→ ABOUT THIS TASK: Report all lines in the records that hold the string "JSON".

→ DATA LISTING:
--------------------------------------------------

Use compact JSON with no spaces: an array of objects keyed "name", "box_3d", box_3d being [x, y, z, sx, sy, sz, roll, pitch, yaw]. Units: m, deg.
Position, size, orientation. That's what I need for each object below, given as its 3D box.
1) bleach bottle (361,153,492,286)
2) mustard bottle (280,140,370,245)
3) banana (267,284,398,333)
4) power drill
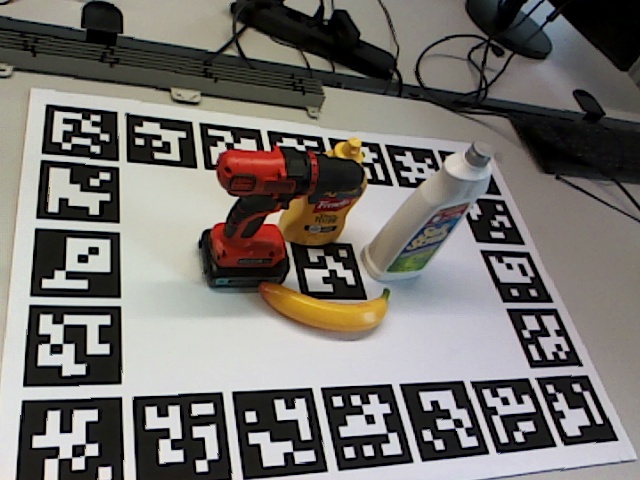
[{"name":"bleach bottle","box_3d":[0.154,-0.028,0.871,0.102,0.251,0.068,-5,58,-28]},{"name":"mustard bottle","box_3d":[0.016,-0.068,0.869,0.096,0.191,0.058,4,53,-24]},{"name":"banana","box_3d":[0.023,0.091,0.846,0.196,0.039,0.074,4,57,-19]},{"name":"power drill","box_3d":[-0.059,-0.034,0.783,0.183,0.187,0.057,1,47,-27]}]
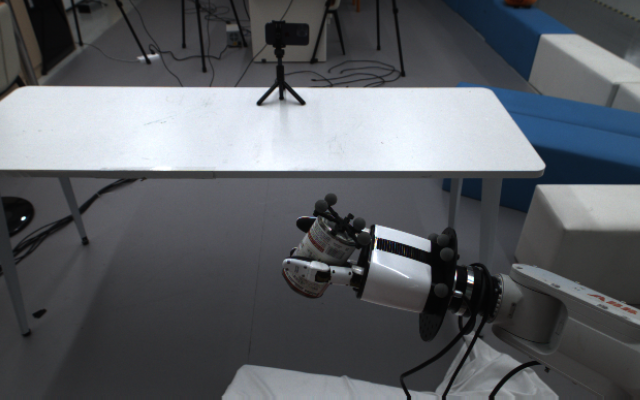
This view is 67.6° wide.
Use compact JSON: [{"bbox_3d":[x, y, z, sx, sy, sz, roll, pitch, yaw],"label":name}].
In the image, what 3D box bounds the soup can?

--------------------------------------------------

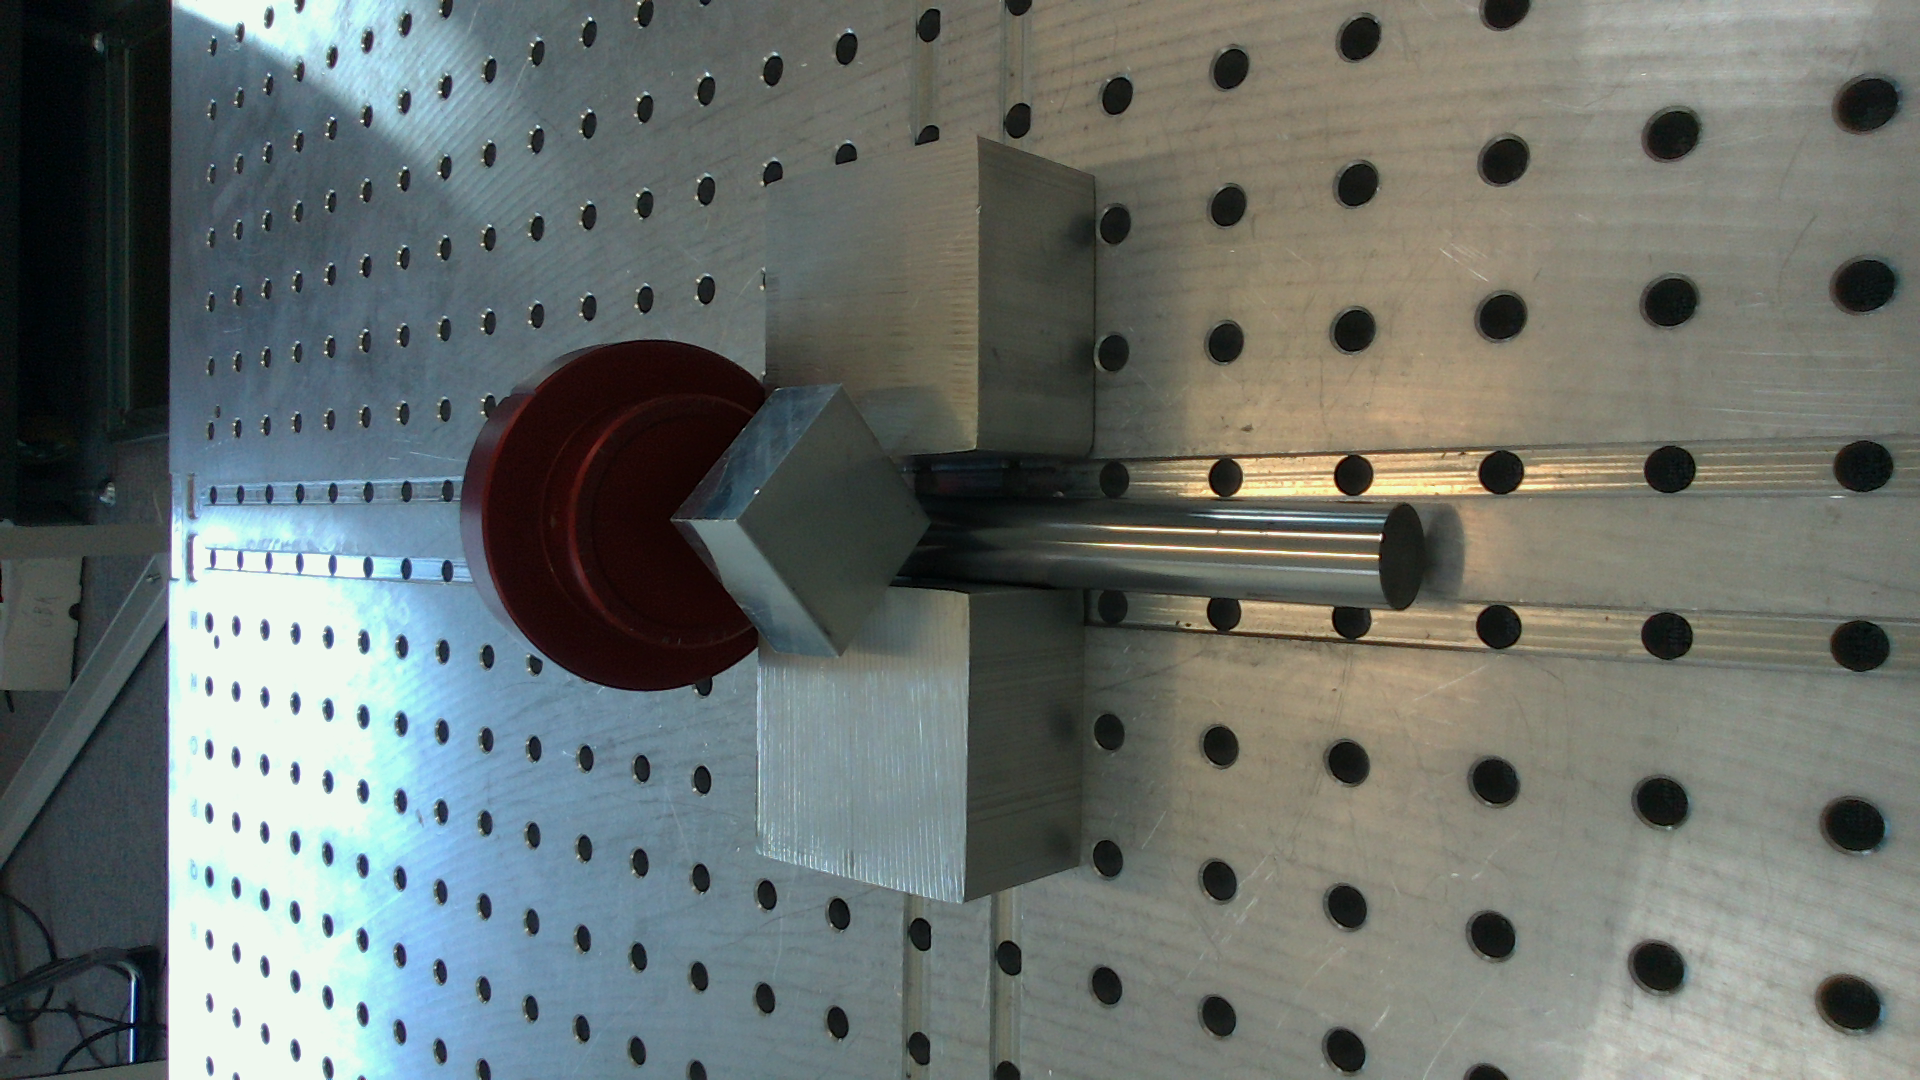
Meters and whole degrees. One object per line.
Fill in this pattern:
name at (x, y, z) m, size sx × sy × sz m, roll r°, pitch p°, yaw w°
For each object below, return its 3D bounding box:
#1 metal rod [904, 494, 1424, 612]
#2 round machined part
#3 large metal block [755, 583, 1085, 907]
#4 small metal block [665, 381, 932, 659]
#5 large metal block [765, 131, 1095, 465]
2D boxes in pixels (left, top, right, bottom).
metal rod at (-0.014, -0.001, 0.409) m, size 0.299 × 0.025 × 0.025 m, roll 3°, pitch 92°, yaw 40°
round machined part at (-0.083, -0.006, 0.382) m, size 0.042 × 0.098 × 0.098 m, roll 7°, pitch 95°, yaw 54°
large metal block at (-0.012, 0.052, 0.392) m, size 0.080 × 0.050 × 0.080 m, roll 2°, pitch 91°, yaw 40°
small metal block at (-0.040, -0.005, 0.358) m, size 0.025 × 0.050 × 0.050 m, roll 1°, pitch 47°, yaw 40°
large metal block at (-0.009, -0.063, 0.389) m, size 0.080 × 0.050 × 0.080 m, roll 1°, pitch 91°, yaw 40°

--------------------------------------------------

→ ANSWER FOR THIS EXERCISE:
Use compact JSON with no spaces: an array of objects keyed "name", "box_3d", box_3d being [x, y, z, sx, sy, sz, roll, pitch, yaw]. Units: m, deg.
Use compact JSON: [{"bbox_3d":[x, y, z, sx, sy, sz, roll, pitch, yaw],"label":name}].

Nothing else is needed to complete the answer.